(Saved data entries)
##############################
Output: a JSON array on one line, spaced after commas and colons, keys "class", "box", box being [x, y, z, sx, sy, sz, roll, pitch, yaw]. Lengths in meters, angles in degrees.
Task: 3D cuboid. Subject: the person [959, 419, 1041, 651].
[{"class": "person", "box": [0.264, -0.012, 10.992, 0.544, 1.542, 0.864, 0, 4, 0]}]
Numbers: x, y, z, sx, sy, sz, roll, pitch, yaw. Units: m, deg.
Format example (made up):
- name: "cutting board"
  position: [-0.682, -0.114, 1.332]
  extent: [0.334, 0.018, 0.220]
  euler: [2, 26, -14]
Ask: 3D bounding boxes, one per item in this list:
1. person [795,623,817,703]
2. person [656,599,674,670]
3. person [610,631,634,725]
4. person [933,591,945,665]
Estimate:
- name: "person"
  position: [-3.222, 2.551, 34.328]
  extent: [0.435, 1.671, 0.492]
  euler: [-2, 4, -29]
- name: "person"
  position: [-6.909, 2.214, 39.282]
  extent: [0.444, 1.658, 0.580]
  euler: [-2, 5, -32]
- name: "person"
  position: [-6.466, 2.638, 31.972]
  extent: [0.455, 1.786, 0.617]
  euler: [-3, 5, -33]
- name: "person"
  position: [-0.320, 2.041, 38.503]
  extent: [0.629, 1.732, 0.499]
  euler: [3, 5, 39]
##############################
§ TASK BRIEF: Write the data out once more, exactly as it was given.

§ EXERCISE ANSWER:
Output: a JSON array on one line, spaced after commas and colons, keys "class", "box", box being [x, y, z, sx, sy, sz, roll, pitch, yaw]. Lengths in meters, angles in degrees.
Task: 3D cuboid. Subject: the person [959, 419, 1041, 651].
[{"class": "person", "box": [0.264, -0.012, 10.992, 0.544, 1.542, 0.864, 0, 4, 0]}]
Numbers: x, y, z, sx, sy, sz, roll, pitch, yaw. Units: m, deg.
Format example (made up):
- name: "cutting board"
  position: [-0.682, -0.114, 1.332]
  extent: [0.334, 0.018, 0.220]
  euler: [2, 26, -14]
Ask: 3D bounding boxes, one per item in this list:
1. person [795,623,817,703]
2. person [656,599,674,670]
3. person [610,631,634,725]
4. person [933,591,945,665]
Estimate:
- name: "person"
  position: [-3.222, 2.551, 34.328]
  extent: [0.435, 1.671, 0.492]
  euler: [-2, 4, -29]
- name: "person"
  position: [-6.909, 2.214, 39.282]
  extent: [0.444, 1.658, 0.580]
  euler: [-2, 5, -32]
- name: "person"
  position: [-6.466, 2.638, 31.972]
  extent: [0.455, 1.786, 0.617]
  euler: [-3, 5, -33]
- name: "person"
  position: [-0.320, 2.041, 38.503]
  extent: [0.629, 1.732, 0.499]
  euler: [3, 5, 39]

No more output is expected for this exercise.